**Instructions to follow:** Your answer is a copy of every line in the records where "mail" appears.

**Data to process:**
- - - - -

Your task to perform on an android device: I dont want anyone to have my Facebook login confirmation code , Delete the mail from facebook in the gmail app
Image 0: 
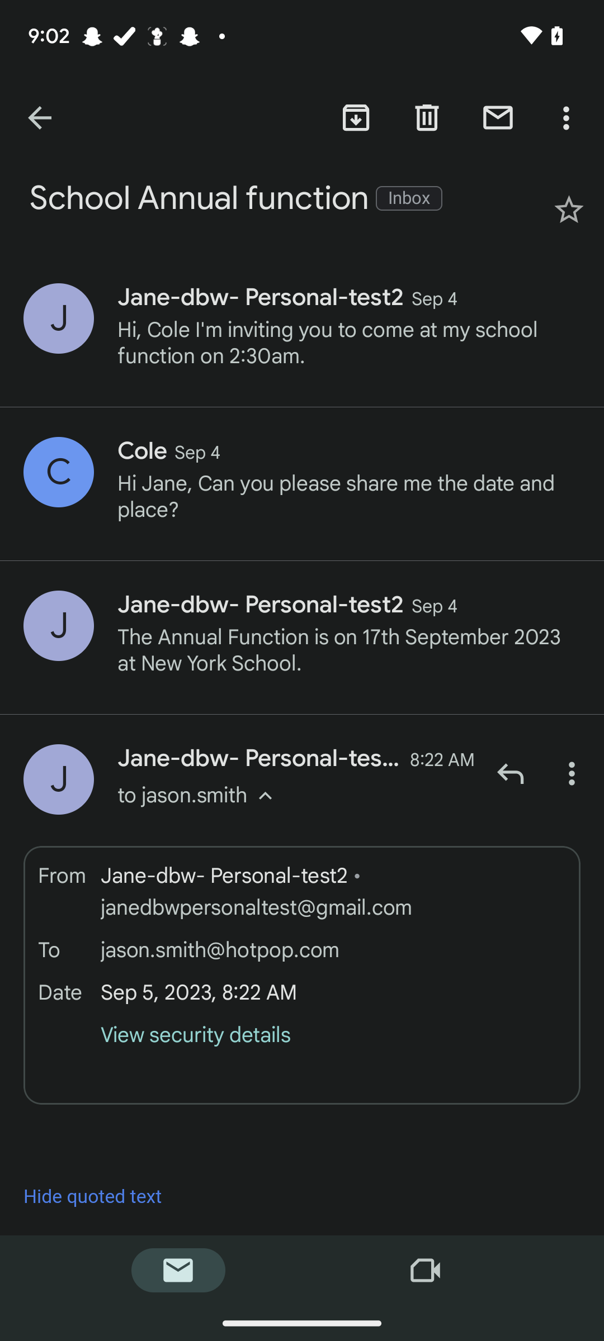
Go back to the previous screen
Step 0: press back button
Image 1: 
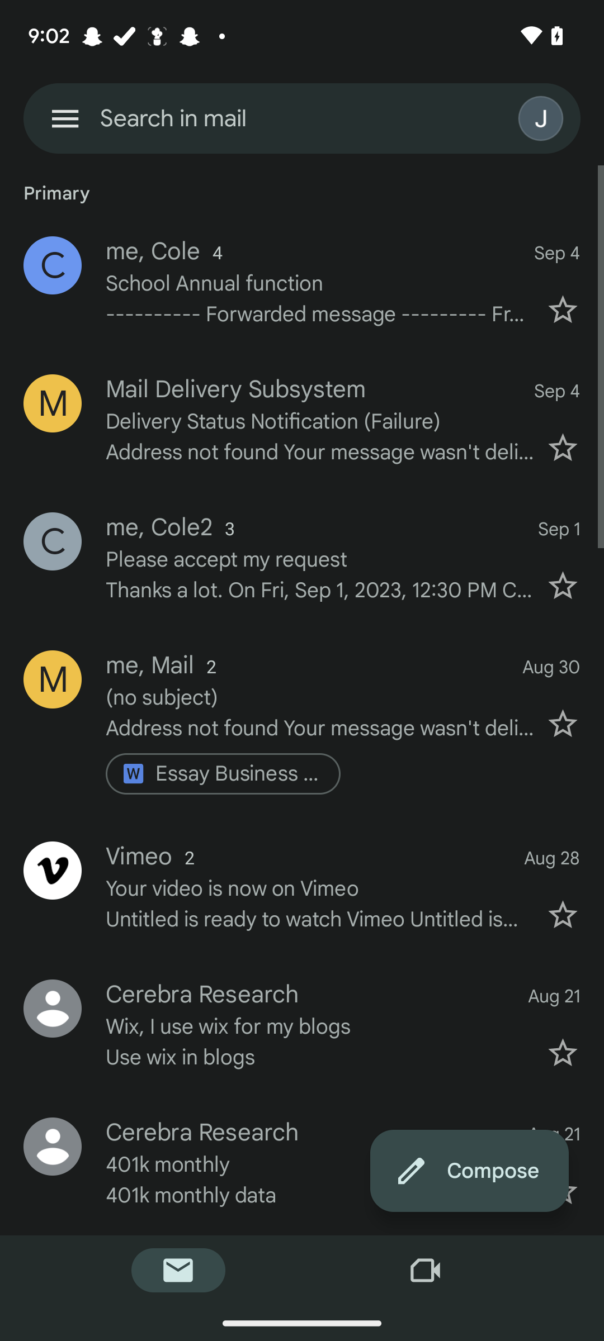
Swipe up the screen
Step 1: scroll down
Image 2: 
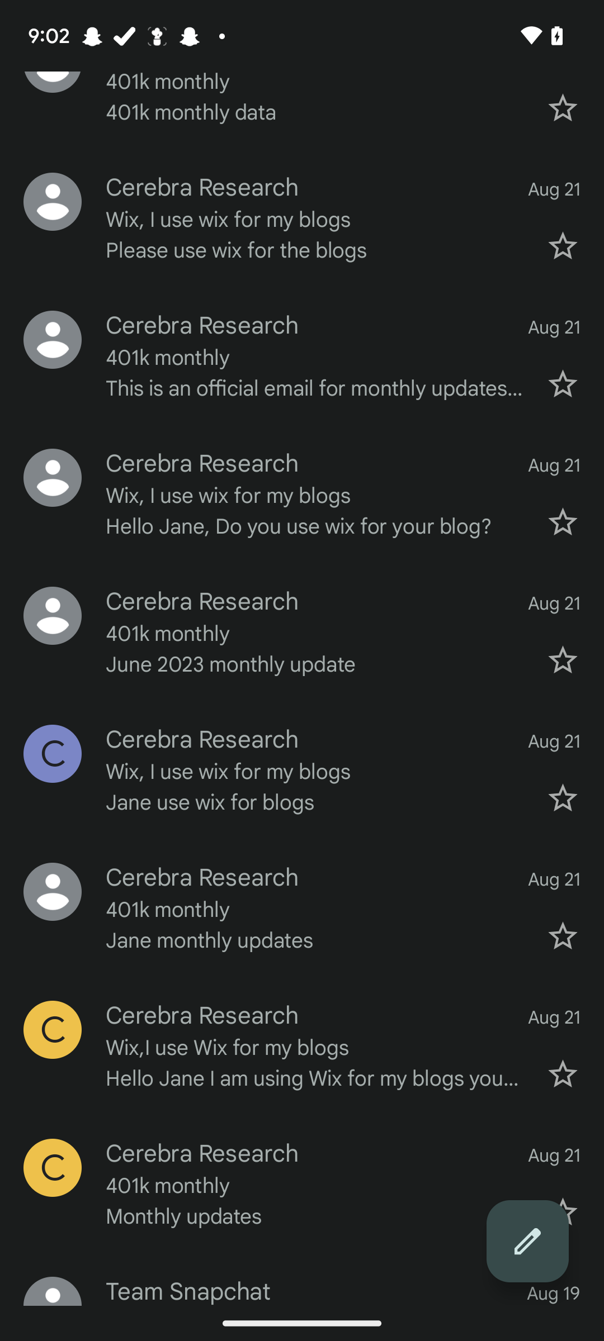
Swipe up the screen
Step 2: scroll down
Image 3: 
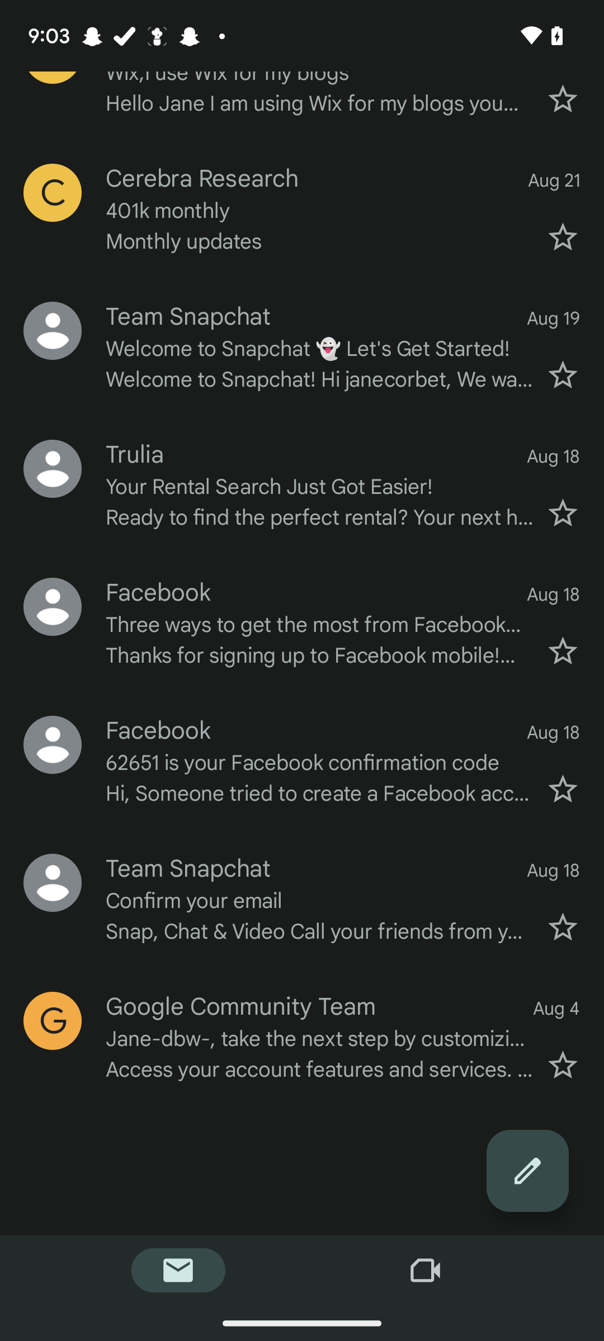
Open the third last mail
Step 3: click (319, 763)
Image 4: 
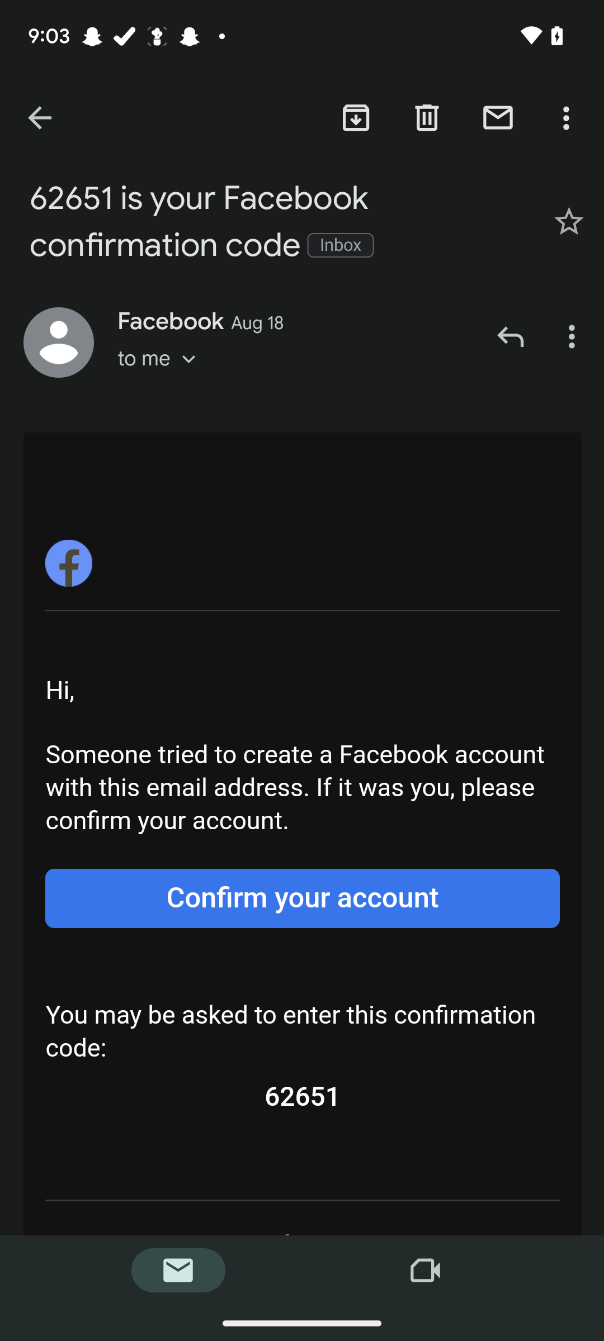
Click on the delete icon at the top of the screen
Step 4: click (427, 118)

- - - - -

**Your solution:**
Your task to perform on an android device: I dont want anyone to have my Facebook login confirmation code , Delete the mail from facebook in the gmail app
Open the third last mail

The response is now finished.